Daniel's comments
(member since Jun 20, 2008)
Daniel's comments from the Banned Books group.
(showing 1-4 of 4)
I think Lolita is a great discussion-starting book, because people who have never read it often express their surprise at how the sexuality is almost completely absent from the book - beyond tone and implication - and find it to be rather funny. And Catcher in the Rye is a must-add ...
NO, don't take any away - in fact, add some if anything. I hate this trend of lowering standards to make numbers look better ... it doesn't make us a more informed society. I think much of the secret to getting kids turned on to some of these books is in how it is taught ... I remember I had teacher that made us watch Star Wars while we read the Odyssey and we discussed the parallels - and it was great because so many other students participated. Another instance I can think of is trying to help my younger brother get through Romeo and Juliet, being taught by his give-the-same-list-of-facts-every-year-and-make-sure-they-know-the-plot, very boring high school teacher ... I just used small, stupid things to engage him (like showing him how SO much of Romeo and Juliet is just very old d*ck jokes), and it worked so much better than the kind of bland, this-is-a-classic-so-you-should-read-it teaching many kids suffer through. Looking back, I feel fortunate to have read so many books in grade/high school - even ones I might still find boring. I think this is the case because so many of the "classics" or great books have their importance beyond the book itself - often they are more like representatives of enormous social change and/or tensions of their time, brought to life and demonstrating that social climate so much more vividly than most other things can.
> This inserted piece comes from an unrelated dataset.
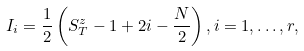<formula> <loc_0><loc_0><loc_500><loc_500>I _ { i } = \frac { 1 } { 2 } \left ( S _ { T } ^ { z } - 1 + 2 i - \frac { N } { 2 } \right ) , i = 1 , \dots , r ,</formula>

Just because someone asked: the book in question was a book by a local preacher. A local patron wanted it removed from the library, was refused, then complained. After this, Palin asked about how the librarian would respond to removing books, and there was never any challenge made on the book. I get the impression this "inquiry" was a confrontational butting of heads by two very willed women; furthermore, it looks more like Palin was simply hoping the librarian would remove the book to please the initial patron who was complaining. She got turned down, then got overzealous and tried to have the librarian dismissed. Good for the librarian who wouldn't back down.
First, bad form on the part of Palin for trying to flex her muscle on the librarian, and for wanting to just "wish" a book out of the library to please someone. But just to be clear, it wasn't Palin hunting down and trying to ban books out of her own self-righteousness or moral imperative - it was responding to someone else's. But she should know better than to enable it.
Just to clarify, because I'm neurotic sometimes, Silverstein wasn't THE original cartoonist for Playboy, he was ONE of several, some who came before him (most notably Jack Cole, also known for Plastic Man).